5.3 Peptic Ulcer Disease and Gastrointestinal Bleeding

Through their primary action, cholinesterase inhibitors may be expected to increase gastric acid secretion due to increased cholinergic activity. Clinical studies of donepezil hydrochloride in a dose of 5 mg/day to 10 mg/day have shown no increase, relative to placebo, in the incidence of either peptic ulcer disease or gastrointestinal bleeding. Patients treated with NAMZARIC should be monitored closely for symptoms of active or occult gastrointestinal bleeding, especially those at increased risk for developing ulcers, e.g., those with a history of ulcer disease or those receiving concurrent nonsteroidal anti-inflammatory drugs (NSAIDs).

5.4 Nausea and Vomiting

Donepezil hydrochloride, an active ingredient in NAMZARIC, when initiated, as a predictable consequence of its pharmacological properties, has been shown to produce diarrhea, nausea, and vomiting. Although in most cases, these effects have been mild and transient, sometimes lasting one to three weeks, and have resolved during continued use of donepezil hydrochloride, patients should be observed closely at the initiation of treatment.
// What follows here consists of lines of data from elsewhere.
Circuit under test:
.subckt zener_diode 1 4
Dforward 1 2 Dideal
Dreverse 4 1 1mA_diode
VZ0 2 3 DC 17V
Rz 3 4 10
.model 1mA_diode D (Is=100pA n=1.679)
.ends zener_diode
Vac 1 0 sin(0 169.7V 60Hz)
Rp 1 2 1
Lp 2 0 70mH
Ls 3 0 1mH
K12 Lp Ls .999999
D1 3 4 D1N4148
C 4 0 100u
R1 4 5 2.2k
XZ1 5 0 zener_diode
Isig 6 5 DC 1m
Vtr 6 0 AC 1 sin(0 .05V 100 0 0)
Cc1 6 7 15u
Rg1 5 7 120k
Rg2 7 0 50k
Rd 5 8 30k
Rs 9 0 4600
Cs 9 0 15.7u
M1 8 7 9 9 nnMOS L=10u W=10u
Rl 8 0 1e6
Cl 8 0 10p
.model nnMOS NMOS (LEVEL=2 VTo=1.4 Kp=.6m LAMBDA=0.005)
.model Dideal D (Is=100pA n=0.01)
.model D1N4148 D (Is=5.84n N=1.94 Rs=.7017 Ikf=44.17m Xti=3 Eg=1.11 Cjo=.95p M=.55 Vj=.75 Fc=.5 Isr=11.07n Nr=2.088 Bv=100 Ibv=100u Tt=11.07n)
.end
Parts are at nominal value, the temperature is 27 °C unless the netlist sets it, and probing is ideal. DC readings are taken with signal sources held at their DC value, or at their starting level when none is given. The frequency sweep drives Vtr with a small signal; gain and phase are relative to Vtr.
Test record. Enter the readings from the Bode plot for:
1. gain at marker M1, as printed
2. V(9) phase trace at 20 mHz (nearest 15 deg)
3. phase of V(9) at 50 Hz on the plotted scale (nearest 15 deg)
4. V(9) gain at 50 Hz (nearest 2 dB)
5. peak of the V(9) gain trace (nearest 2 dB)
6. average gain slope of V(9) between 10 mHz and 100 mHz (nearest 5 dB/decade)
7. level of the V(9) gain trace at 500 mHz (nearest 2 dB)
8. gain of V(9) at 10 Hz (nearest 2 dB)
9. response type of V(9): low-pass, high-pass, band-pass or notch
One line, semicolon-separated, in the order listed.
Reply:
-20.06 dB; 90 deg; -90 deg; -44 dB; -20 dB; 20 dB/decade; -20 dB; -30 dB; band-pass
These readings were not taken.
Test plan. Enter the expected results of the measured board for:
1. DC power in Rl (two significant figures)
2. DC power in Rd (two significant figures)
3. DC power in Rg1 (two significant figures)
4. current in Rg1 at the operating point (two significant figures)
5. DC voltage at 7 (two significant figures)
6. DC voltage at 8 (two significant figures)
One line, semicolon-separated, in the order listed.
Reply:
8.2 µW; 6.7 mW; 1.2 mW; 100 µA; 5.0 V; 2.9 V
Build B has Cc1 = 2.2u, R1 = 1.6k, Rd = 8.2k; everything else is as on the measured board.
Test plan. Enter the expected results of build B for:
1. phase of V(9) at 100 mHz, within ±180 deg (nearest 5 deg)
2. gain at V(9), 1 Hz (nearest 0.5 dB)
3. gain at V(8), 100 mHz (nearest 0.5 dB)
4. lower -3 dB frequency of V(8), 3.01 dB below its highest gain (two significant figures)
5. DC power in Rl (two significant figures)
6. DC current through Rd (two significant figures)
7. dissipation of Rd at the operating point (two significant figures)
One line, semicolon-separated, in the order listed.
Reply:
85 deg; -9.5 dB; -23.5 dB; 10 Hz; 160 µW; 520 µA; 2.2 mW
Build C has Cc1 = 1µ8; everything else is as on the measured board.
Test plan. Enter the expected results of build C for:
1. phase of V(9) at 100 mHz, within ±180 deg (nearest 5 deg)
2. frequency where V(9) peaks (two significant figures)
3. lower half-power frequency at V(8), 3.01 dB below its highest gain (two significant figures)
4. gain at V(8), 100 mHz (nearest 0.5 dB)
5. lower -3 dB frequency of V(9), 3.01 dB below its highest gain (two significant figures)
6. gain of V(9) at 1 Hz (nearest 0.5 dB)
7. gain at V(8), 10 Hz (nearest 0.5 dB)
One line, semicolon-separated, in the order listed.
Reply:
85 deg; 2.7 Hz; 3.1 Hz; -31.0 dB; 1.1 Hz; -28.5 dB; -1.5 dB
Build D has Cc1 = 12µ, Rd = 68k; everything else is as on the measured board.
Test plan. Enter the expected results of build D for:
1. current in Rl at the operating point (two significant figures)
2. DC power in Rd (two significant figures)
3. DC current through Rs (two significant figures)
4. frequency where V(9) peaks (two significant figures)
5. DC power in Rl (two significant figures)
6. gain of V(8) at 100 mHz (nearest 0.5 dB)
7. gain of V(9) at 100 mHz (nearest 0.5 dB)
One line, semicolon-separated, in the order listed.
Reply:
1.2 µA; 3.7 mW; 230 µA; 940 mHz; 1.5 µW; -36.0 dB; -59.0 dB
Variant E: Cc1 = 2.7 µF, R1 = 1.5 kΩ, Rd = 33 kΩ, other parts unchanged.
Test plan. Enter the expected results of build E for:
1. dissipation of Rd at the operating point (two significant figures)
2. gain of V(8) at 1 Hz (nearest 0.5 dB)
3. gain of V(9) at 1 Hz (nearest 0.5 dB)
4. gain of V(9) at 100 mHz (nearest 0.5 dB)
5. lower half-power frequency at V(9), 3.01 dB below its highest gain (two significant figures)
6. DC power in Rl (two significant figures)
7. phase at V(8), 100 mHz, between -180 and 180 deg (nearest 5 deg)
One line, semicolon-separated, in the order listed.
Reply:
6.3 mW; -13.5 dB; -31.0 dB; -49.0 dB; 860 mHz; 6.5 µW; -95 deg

5.5 Genitourinary Conditions

Although not observed in clinical trials of donepezil hydrochloride, an active ingredient in NAMZARIC, cholinomimetics may cause bladder outflow obstruction.

Conditions that raise urine pH may decrease the urinary elimination of memantine, an active ingredient in NAMZARIC, resulting in increased plasma levels of memantine [see Drug Interactions (7.1)].

5.6 Seizures

Cholinomimetics, including donepezil hydrochloride, an active ingredient in NAMZARIC, are believed to have some potential to cause generalized convulsions. However, seizure activity also may be a manifestation of Alzheimer’s disease.

5.7 Pulmonary Conditions

Because of their cholinomimetic actions, cholinesterase inhibitors should be prescribed with care to patients with a history of asthma or obstructive pulmonary disease.